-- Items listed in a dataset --

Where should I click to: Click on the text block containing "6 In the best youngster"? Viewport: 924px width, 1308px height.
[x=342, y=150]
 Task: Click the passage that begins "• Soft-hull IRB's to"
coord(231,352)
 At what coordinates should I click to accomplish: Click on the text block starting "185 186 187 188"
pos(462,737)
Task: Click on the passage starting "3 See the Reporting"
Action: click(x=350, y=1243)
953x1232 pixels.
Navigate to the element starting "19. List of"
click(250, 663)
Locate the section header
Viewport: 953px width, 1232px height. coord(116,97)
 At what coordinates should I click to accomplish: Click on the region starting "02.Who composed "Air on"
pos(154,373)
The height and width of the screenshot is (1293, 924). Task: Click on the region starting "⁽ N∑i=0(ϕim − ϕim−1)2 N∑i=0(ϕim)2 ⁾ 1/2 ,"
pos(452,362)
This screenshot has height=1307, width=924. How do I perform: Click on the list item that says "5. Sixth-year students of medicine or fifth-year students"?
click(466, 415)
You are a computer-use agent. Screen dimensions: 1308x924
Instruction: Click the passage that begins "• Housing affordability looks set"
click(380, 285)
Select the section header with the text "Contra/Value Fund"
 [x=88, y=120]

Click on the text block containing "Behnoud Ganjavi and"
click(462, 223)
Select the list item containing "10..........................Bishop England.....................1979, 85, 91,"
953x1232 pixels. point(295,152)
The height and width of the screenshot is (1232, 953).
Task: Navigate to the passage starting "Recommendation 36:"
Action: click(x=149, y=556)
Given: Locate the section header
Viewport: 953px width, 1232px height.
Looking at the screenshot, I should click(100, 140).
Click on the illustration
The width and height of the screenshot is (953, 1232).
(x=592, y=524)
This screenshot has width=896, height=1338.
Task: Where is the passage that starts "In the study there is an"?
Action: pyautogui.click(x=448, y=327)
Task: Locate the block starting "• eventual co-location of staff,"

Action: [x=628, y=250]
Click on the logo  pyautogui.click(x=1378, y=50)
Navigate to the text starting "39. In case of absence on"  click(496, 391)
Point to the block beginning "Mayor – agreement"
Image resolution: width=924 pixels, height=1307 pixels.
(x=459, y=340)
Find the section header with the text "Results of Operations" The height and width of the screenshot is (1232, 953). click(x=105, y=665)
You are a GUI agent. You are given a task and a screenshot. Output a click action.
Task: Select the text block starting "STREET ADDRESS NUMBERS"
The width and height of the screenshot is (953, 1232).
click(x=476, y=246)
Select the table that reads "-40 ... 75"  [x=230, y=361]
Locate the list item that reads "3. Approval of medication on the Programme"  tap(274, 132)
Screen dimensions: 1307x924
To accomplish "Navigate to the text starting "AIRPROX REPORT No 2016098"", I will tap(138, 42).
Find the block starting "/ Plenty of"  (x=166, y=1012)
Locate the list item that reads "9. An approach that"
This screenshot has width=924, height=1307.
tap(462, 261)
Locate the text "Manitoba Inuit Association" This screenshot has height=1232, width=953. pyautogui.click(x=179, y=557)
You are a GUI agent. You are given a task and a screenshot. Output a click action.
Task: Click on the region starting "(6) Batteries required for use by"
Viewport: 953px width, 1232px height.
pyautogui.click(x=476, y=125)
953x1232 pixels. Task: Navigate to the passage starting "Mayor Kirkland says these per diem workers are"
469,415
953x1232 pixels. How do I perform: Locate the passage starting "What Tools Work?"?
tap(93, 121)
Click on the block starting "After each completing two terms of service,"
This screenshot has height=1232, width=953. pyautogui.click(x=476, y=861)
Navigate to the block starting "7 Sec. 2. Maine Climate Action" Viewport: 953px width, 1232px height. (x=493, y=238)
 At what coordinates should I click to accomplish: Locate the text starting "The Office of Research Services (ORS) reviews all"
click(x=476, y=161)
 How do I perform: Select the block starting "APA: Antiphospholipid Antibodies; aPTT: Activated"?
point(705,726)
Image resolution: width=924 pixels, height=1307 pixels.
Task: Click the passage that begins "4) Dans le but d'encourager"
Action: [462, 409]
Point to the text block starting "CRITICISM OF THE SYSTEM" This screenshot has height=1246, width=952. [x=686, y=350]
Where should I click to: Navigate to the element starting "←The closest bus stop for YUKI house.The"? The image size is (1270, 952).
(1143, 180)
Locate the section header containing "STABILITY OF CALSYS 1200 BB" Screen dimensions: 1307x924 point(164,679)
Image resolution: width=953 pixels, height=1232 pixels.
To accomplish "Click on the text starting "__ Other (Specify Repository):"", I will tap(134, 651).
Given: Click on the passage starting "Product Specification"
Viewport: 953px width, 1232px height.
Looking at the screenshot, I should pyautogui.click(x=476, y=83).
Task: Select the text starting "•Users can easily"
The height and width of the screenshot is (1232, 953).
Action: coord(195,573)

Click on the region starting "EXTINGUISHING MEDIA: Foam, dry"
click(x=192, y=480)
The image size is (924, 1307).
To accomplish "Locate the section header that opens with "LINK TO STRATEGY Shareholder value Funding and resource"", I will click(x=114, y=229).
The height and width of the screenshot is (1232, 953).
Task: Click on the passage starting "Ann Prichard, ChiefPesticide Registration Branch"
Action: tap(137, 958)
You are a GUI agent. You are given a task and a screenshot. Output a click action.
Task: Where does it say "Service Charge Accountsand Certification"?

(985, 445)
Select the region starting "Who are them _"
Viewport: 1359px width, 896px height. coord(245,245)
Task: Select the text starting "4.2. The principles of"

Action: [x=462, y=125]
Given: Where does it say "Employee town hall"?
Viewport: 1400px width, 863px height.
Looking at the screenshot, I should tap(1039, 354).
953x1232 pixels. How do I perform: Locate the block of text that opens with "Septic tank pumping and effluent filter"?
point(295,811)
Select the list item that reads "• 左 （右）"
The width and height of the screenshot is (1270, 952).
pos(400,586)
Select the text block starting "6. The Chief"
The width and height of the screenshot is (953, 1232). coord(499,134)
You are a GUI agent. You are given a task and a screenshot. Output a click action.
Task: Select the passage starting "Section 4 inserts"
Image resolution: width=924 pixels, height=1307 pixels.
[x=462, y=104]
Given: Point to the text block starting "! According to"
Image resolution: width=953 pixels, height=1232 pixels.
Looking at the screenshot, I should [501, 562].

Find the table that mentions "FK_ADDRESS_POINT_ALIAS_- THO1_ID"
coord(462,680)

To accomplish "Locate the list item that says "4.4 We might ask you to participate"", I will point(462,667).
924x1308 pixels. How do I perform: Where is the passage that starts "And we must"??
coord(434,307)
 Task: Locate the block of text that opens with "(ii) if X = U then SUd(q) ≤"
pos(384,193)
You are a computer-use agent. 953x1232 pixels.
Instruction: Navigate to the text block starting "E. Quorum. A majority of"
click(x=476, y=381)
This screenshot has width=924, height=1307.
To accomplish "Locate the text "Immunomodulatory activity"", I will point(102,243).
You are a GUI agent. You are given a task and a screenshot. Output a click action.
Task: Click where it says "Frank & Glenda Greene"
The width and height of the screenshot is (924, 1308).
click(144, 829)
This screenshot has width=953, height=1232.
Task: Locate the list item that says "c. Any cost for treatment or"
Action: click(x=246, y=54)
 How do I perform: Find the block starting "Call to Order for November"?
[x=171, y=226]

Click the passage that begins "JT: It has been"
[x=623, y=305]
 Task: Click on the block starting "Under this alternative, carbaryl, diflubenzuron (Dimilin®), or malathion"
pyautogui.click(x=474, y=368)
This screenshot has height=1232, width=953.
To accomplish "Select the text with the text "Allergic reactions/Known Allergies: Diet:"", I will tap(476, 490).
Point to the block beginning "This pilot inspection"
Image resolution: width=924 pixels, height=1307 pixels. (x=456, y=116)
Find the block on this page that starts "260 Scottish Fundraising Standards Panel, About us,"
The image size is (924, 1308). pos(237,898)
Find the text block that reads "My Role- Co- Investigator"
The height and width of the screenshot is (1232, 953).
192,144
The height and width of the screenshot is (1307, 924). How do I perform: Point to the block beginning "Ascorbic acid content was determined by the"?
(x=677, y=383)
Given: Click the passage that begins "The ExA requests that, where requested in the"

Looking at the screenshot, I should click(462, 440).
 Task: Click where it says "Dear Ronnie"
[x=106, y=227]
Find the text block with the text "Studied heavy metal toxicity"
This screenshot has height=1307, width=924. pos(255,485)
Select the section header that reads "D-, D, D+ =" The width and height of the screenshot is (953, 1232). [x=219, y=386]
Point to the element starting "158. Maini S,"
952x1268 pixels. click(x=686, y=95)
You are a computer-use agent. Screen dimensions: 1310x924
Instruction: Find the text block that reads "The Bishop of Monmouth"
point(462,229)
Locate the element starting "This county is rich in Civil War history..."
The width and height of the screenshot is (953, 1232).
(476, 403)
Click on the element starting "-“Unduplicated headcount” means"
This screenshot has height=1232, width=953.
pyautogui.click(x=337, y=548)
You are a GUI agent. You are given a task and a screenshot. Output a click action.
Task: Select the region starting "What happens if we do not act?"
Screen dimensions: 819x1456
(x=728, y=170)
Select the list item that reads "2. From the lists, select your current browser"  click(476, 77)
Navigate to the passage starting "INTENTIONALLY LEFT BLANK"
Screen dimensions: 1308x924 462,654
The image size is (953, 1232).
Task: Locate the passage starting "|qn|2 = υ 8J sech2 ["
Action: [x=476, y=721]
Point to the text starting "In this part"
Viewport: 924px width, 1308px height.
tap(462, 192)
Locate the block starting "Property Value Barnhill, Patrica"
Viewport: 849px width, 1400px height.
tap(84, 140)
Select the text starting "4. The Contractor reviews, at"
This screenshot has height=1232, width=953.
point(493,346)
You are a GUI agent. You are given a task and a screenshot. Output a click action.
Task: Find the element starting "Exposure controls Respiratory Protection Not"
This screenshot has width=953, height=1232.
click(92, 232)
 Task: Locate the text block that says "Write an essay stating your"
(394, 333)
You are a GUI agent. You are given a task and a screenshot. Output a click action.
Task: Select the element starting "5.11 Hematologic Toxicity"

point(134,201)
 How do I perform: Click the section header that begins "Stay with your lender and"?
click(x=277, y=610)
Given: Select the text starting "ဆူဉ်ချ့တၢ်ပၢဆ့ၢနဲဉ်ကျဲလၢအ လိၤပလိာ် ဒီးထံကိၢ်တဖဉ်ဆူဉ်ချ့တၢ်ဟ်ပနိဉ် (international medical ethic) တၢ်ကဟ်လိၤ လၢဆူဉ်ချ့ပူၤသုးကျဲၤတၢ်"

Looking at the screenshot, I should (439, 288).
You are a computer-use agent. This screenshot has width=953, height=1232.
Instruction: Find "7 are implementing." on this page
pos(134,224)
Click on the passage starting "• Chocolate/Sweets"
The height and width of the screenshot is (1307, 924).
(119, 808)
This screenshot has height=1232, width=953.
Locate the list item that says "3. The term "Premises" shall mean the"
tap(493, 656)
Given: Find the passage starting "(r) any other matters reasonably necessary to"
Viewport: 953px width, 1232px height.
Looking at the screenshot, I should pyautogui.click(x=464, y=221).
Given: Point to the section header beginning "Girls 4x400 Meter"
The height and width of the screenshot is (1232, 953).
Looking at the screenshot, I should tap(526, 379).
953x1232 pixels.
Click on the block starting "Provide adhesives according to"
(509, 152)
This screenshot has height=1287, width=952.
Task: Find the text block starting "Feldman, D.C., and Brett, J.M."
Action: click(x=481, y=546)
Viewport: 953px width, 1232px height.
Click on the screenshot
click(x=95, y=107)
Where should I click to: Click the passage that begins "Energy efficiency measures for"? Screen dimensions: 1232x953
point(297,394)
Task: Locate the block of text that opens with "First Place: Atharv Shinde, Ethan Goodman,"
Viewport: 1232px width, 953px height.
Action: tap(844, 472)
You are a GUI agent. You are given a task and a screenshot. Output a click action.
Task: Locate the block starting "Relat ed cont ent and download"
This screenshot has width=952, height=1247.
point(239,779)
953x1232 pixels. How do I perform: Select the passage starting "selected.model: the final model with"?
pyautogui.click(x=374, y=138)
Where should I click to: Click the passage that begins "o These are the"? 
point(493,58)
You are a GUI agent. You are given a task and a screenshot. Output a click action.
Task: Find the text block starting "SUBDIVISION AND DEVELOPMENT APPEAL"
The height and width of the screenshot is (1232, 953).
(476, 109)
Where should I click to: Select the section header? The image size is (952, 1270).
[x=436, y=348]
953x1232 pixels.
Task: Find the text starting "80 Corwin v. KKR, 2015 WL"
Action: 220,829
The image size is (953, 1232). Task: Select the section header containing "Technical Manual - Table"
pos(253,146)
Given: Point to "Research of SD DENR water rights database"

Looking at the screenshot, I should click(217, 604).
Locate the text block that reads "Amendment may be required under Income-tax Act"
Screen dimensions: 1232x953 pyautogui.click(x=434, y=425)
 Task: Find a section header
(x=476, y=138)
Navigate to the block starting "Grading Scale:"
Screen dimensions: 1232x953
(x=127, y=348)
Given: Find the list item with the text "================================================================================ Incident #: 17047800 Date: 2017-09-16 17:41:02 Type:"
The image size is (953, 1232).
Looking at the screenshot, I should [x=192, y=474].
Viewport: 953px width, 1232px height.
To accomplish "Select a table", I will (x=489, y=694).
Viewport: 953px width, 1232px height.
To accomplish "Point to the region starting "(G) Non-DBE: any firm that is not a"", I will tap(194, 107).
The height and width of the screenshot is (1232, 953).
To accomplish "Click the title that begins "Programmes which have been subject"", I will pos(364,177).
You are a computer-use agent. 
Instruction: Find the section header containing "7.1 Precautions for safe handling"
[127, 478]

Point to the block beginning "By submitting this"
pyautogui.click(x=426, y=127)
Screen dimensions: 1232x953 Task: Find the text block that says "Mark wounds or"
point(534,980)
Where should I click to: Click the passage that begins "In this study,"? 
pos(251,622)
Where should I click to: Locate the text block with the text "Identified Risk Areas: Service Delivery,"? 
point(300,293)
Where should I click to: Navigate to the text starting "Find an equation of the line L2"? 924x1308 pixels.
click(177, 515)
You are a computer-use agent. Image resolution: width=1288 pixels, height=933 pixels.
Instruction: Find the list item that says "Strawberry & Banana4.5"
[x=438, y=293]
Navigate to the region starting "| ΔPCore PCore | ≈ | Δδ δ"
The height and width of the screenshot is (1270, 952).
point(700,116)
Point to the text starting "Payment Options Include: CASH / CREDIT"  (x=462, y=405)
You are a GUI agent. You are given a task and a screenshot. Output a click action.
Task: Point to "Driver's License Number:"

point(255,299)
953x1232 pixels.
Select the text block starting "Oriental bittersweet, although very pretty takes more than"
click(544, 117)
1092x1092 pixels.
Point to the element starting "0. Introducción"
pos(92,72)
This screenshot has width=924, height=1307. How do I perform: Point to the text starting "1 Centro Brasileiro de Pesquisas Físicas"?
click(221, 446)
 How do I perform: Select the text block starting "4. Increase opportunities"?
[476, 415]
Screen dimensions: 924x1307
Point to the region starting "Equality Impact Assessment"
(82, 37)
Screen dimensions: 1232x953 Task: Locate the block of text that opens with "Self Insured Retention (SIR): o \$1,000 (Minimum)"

-- WHAT THIS TASK INVOLVES --
Copy each line of the records containing the string "computer".

-- EXERCISE ANSWER --
You are a computer-use agent. Screen dimensions: 1308x924
You are a computer-use agent. 953x1232 pixels.
You are a computer-use agent. Screen dimensions: 1310x924
You are a computer-use agent. This screenshot has width=953, height=1232.
You are a computer-use agent. 
You are a computer-use agent. Image resolution: width=1288 pixels, height=933 pixels.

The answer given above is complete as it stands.